Which lines of the data hold the word "cuboid"? Copy all of them.

__________

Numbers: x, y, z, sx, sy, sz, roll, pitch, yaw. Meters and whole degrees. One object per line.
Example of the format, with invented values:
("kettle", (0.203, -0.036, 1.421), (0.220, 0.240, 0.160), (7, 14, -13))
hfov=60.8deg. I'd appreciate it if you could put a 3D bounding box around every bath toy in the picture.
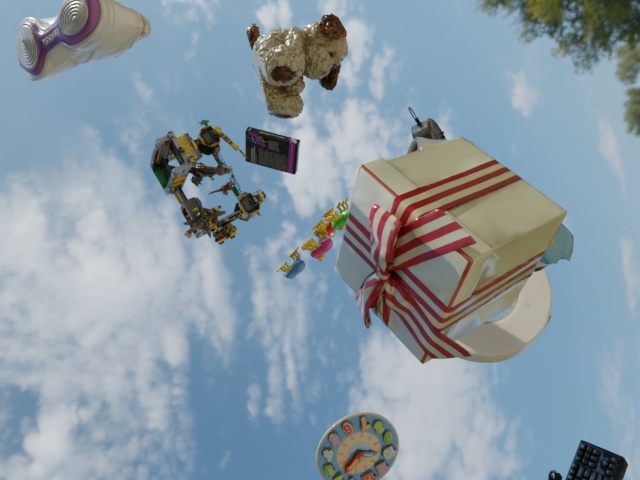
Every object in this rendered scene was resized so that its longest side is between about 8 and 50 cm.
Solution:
("bath toy", (0.426, 0.053, 1.314), (0.151, 0.348, 0.129), (34, -120, -12))

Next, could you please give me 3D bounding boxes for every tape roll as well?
("tape roll", (0.452, 0.151, 1.549), (0.072, 0.391, 0.392), (79, -156, -60))

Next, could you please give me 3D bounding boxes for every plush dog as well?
("plush dog", (-0.043, -0.442, 1.300), (0.225, 0.262, 0.211), (-17, -105, -9))

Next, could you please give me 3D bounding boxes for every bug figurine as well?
("bug figurine", (0.000, 0.000, 1.521), (0.072, 0.216, 0.279), (44, -126, -5))

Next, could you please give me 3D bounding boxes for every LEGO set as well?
("LEGO set", (-0.286, -0.168, 1.412), (0.254, 0.192, 0.332), (-21, -97, -27))

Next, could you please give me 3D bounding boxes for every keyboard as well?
("keyboard", (0.364, 0.381, 0.791), (0.023, 0.108, 0.180), (33, -103, -19))

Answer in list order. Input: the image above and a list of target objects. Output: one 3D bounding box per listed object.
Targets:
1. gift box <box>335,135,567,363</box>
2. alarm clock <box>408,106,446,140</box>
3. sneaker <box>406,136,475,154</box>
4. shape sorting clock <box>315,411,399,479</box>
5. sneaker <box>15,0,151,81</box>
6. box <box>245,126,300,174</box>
("gift box", (0.189, 0.014, 0.825), (0.258, 0.276, 0.255), (-21, -44, -30))
("alarm clock", (0.266, -0.249, 1.329), (0.192, 0.064, 0.129), (49, -151, -25))
("sneaker", (0.242, -0.078, 1.182), (0.169, 0.108, 0.293), (4, -96, -18))
("shape sorting clock", (0.090, 0.498, 1.279), (0.206, 0.040, 0.206), (-6, -71, -17))
("sneaker", (-0.436, -0.354, 0.992), (0.152, 0.305, 0.114), (-13, -81, -55))
("box", (-0.142, -0.264, 1.601), (0.116, 0.162, 0.029), (100, -173, -48))
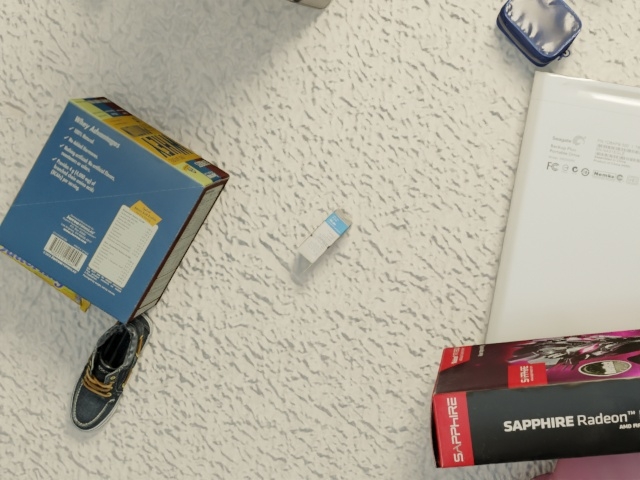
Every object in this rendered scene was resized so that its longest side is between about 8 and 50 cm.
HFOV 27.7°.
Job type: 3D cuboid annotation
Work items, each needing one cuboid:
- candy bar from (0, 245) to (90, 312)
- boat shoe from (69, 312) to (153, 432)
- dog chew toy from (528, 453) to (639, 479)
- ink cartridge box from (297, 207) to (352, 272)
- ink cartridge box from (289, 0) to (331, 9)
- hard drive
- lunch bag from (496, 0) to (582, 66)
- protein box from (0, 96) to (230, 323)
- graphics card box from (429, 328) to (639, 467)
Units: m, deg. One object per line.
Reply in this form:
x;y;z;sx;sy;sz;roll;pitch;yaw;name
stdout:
-0.363;0.035;1.702;0.161;0.018;0.040;33;101;2;candy bar
-0.282;0.174;1.675;0.065;0.083;0.183;29;101;4;boat shoe
0.314;0.354;1.556;0.332;0.206;0.206;-40;90;19;dog chew toy
0.000;0.000;1.626;0.028;0.048;0.083;45;101;1;ink cartridge box
-0.019;-0.418;1.398;0.166;0.395;0.285;34;101;5;ink cartridge box
0.343;-0.012;1.573;0.233;0.047;0.353;10;99;7;hard drive
0.262;-0.255;1.544;0.067;0.065;0.098;-42;89;-4;lunch bag
-0.257;-0.042;1.615;0.200;0.136;0.201;32;101;4;protein box
0.314;0.169;1.461;0.371;0.233;0.094;-5;97;10;graphics card box
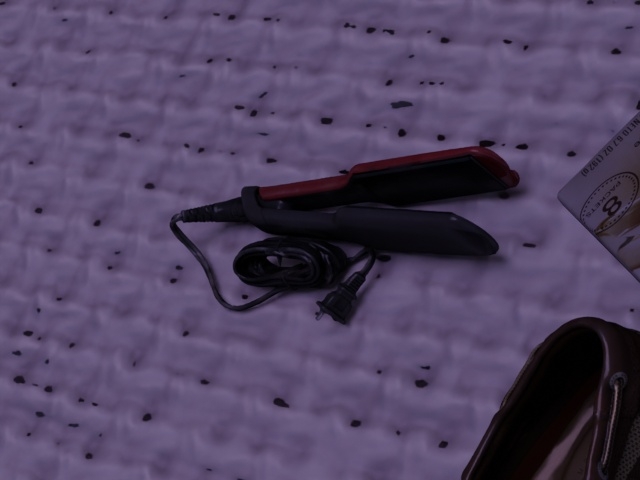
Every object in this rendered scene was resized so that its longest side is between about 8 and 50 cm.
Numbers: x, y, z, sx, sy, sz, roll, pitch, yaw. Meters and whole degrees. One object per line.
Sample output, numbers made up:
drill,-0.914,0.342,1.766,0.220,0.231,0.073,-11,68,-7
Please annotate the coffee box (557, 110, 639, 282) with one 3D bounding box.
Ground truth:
coffee box,0.233,0.008,0.754,0.168,0.119,0.297,-46,25,6

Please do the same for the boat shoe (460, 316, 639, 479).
boat shoe,0.077,0.148,0.870,0.095,0.095,0.257,17,75,44

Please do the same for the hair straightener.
hair straightener,0.000,0.000,1.063,0.230,0.047,0.089,-2,62,39
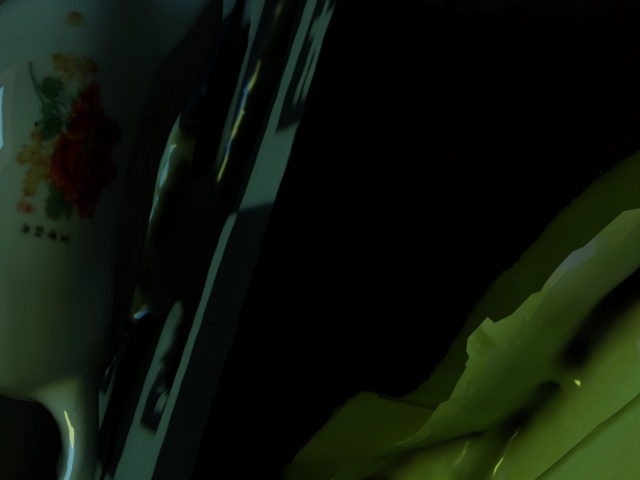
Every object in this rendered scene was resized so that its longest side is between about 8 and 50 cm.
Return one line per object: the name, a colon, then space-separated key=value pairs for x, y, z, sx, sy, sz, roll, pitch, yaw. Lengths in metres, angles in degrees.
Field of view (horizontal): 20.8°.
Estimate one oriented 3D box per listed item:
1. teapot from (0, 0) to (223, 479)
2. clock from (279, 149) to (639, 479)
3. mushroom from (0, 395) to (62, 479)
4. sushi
teapot: x=-0.096 y=-0.009 z=0.598 sx=0.145 sy=0.092 sz=0.226 roll=90 pitch=-171 yaw=-75
clock: x=0.086 y=0.108 z=0.284 sx=0.277 sy=0.071 sz=0.293 roll=-43 pitch=40 yaw=46
mushroom: x=-0.300 y=0.114 z=0.810 sx=0.362 sy=0.294 sz=0.362 roll=-33 pitch=9 yaw=6
sushi: x=0.000 y=0.000 z=0.607 sx=0.373 sy=0.100 sz=0.296 roll=163 pitch=125 yaw=-77
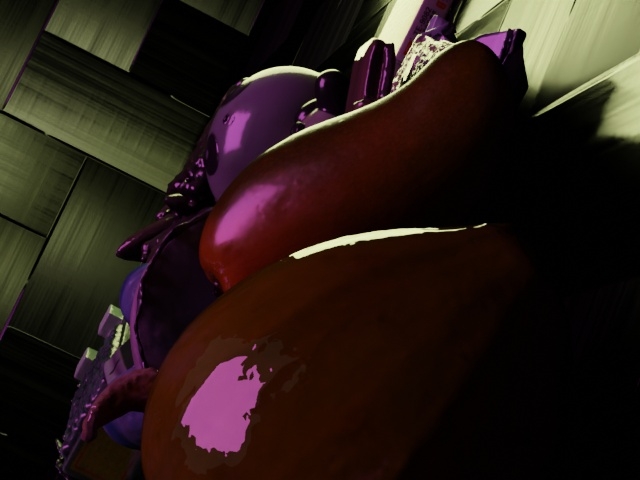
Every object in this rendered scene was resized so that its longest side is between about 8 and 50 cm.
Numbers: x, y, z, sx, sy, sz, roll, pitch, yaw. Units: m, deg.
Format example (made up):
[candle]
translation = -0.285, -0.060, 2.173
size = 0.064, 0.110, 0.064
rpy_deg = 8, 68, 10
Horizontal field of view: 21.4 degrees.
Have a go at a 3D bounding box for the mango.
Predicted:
[mango]
translation = 0.036, -0.037, 1.355
size = 0.289, 0.129, 0.146
rpy_deg = -29, 55, 13

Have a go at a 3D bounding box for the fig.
[fig]
translation = 0.033, 0.101, 0.987
size = 0.271, 0.239, 0.239
rpy_deg = -53, 12, 7

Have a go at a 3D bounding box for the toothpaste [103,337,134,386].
[toothpaste]
translation = -0.064, 0.026, 1.738
size = 0.392, 0.061, 0.099
rpy_deg = -39, 19, -1

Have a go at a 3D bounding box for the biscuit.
[biscuit]
translation = 0.111, -0.114, 1.533
size = 0.309, 0.079, 0.186
rpy_deg = -120, 54, -78

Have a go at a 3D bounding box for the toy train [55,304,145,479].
[toy train]
translation = -0.180, 0.187, 1.880
size = 0.159, 0.188, 0.272
rpy_deg = -59, 11, 20

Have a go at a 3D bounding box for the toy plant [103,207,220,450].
[toy plant]
translation = -0.086, 0.112, 1.560
size = 0.247, 0.247, 0.332
rpy_deg = -68, 10, -20

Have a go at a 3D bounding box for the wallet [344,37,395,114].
[wallet]
translation = 0.040, -0.104, 1.531
size = 0.118, 0.038, 0.153
rpy_deg = -161, 83, -83

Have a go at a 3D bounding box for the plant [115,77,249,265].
[plant]
translation = -0.115, -0.040, 2.093
size = 0.321, 0.194, 0.181
rpy_deg = -65, 7, -24

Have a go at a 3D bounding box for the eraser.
[eraser]
translation = 0.104, -0.245, 1.960
size = 0.230, 0.038, 0.157
rpy_deg = -64, 11, -6

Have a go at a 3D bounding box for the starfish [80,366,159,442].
[starfish]
translation = -0.152, 0.330, 1.261
size = 0.432, 0.324, 0.082
rpy_deg = -58, -19, 11

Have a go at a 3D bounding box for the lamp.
[lamp]
translation = -0.030, -0.101, 1.907
size = 0.198, 0.197, 0.244
rpy_deg = -65, 20, -10
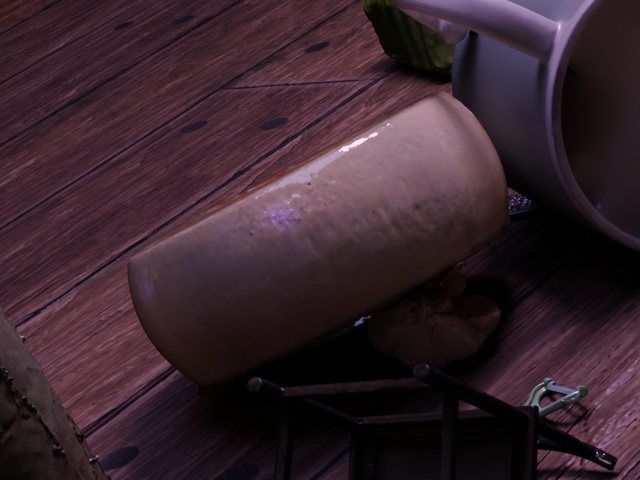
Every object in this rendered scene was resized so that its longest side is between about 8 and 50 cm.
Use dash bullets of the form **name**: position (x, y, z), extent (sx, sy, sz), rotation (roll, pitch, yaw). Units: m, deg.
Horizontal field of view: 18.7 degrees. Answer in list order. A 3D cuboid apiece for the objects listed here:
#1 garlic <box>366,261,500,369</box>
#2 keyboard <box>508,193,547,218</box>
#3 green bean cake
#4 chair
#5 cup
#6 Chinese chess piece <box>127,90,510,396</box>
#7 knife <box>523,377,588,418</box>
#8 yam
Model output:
- **garlic**: position (0.095, 0.070, 1.608), extent (0.113, 0.074, 0.094), rotation (-15, 12, -2)
- **keyboard**: position (0.152, -0.025, 1.890), extent (0.155, 0.010, 0.053), rotation (-14, 20, 18)
- **green bean cake**: position (0.192, -0.300, 2.404), extent (0.248, 0.124, 0.222), rotation (-24, 19, -17)
- **chair**: position (0.074, 0.173, 1.293), extent (0.155, 0.141, 0.260), rotation (-7, -20, 33)
- **cup**: position (0.219, -0.154, 1.701), extent (0.357, 0.259, 0.274), rotation (21, 3, -20)
- **Chinese chess piece**: position (0.000, 0.000, 1.663), extent (0.338, 0.140, 0.338), rotation (-30, 3, 2)
- **knife**: position (0.121, 0.141, 1.460), extent (0.166, 0.022, 0.078), rotation (-21, 2, -16)
- **yam**: position (-0.294, 0.130, 1.530), extent (0.168, 0.304, 0.168), rotation (-23, 27, 12)

__________

ANSWER SPACE:
Job type: 3D cuboid annotation
Work items, each needing one cuboid:
Horizontal field of view: 18.7 degrees. Answer in list order. A 3D cuboid apiece for the objects listed here:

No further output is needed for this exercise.